Bye-bye Michael Rafferty. Although your name will now be synonymous with killing a child at least we won’t have to look at your smug face every day.
After following the case of the man who killed Tori Stafford day by day, minute by minute (albeit not nearly as closely as our reporter, Avery Moore, who did a stellar job covering the trial with class and sensitivity) I’ll admit I was concerned that the jury might not find Rafferty guilty on the sexual assault charge. There was no physical evidence on Tori and there were conflicting opinions on when the back seat in Rafferty’s car was removed. But this case has taught me to have a little more faith in the process. The jury saw through the b.s. and once the decision on first-degree murder was made, the rest appears to have fallen into place. Terri-Lynn McClintic, for all of her sickness and culpability, was the key to the conviction. And even though she changed her story over the last couple of years, the jury members were smart enough to understand the reasons why and to appreciate the difference between a heartbroken, drugged-out person and a cleaned-up, calmer woman resigned to the fate she created for herself. She had nothing to lose or to gain.
Once the jury was sequestered, we in media were allowed to reveal details they weren’t allowed to hear. For example, Rafferty’s computer showed he had conducted searches on how to rape a child and other very disturbing and related subjects. That information was deemed inadmissable because the investigators didn’t get a separate search warrant for the laptop which they had found in Raffery’s car. They believed the warrant for the car covered all of its contents. It did not.
The other detail was the police interrogation of Rafferty captured on video. I watched a pared-down version of it, lasting about an hour. A sniffling, whiny Rafferty sits under a blanket, hugging himself, repeatedly saying he’s hungry but refusing several offers of food. At one point Terri-Lynne McClintic is brought in so “you can tell her to her face she’s a liar” and Rafferty won’t even look at her. Not the actions of an innocent man. An innocent man would be absolutely freaking out at the injustice of it all and probably take his frustrations out on his accuser, at the very least asking her why she was doing this. When the detective points out that Rafferty hasn’t come up with a single alibi for his whereabouts the day Tori was abducted, Rafferty starts concocting lame, vague excuses. At one point the interrogator calls Rafferty a sleazebag because of all of the women he was dating at once. “Just because I’m a sleazebag doesn’t mean I did it”, says Rafferty. Sadly, his physical attractiveness and ability to weave a sack of lies made him a magnet for lonely women. Fortunately, one after another, those women testified against him. He seemed to be mostly concerned that his family would find out he was taking Oxycontin. Not a big thinker, that Mike Rafferty.

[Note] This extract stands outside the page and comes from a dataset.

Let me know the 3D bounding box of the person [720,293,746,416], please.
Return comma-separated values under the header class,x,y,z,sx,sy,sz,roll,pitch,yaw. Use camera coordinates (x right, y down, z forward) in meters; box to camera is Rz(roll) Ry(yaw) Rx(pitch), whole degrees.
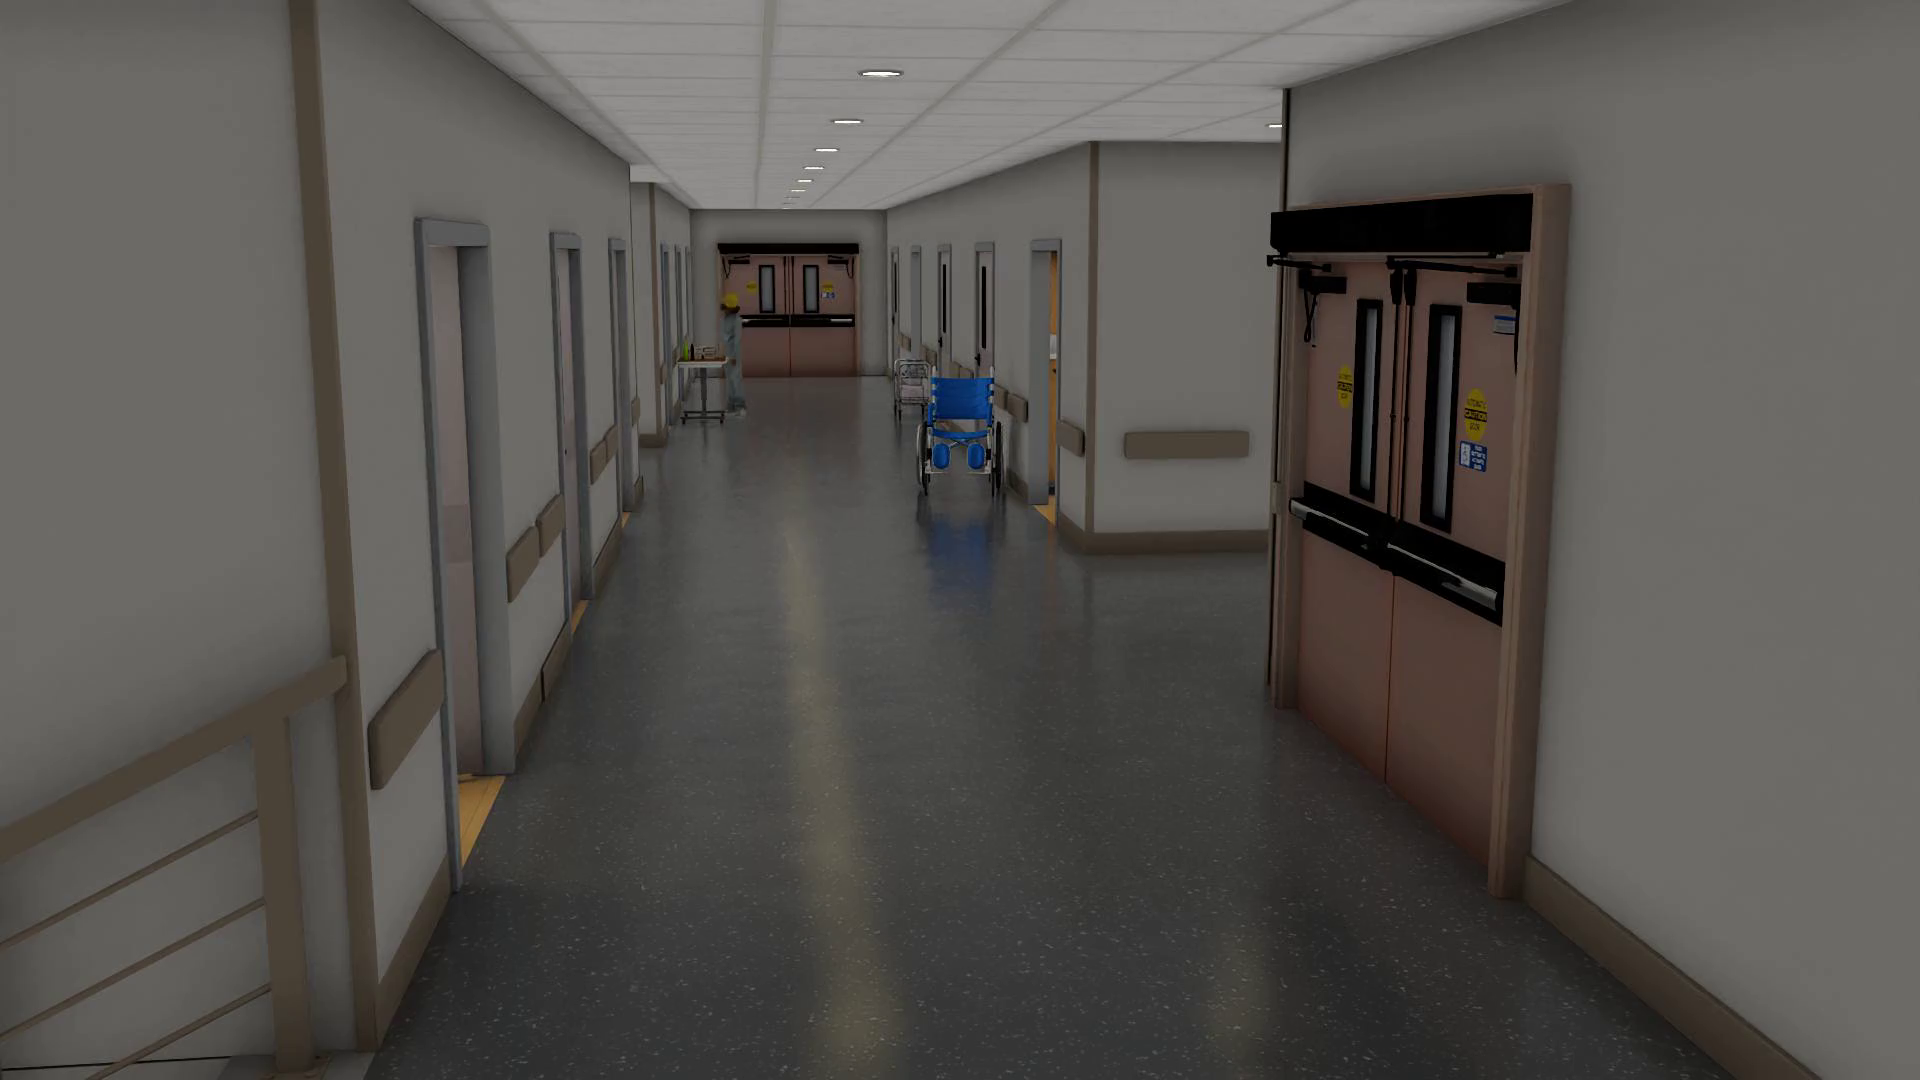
class,x,y,z,sx,sy,sz,roll,pitch,yaw
person,-3.194,-2.564,22.967,0.323,1.700,0.634,-6,12,-33

There’s no question he got a fair trial. In addition to getting evidence suppressed, Rafferty’s lead lawyer Dirk Derstine was a bulldog for his client’s rights. No one wants a mistrial, and basic rights do have to be protected, but you have to wonder how a guy like Derstine can sleep at night. It always upsets me when the defense concocts any story, no matter how implausible, in order to raise ‘reasonable doubt’ in the minds of the jury. If I made the rules, a defense lawyer would have to prove their alternate theory was true, not just offer it up as a possibility. But I digress.
Bernardo. Briere. Rafferty. Few people remember Briere because there was no trial but he is burned in my consciousness forever. He was the child-porn addict who abducted, sexually assaulted and murdered 10-year-old Holly Jones in Toronto. In 2004 he pleaded guilty to “spare the family the ordeal of a trial”. Of course, he hadn’t turned himself in or anything. He was caught through good old-fashioned police work. So Rafferty will join their ranks and rightly so. Serving on a jury is an awful inconvenience and a terrible burden but it’s such an important part of our society. We owe a debt of gratitude to the 12 people who sat there for 10 weeks and came to this conclusion. Finally, finally, it’s over.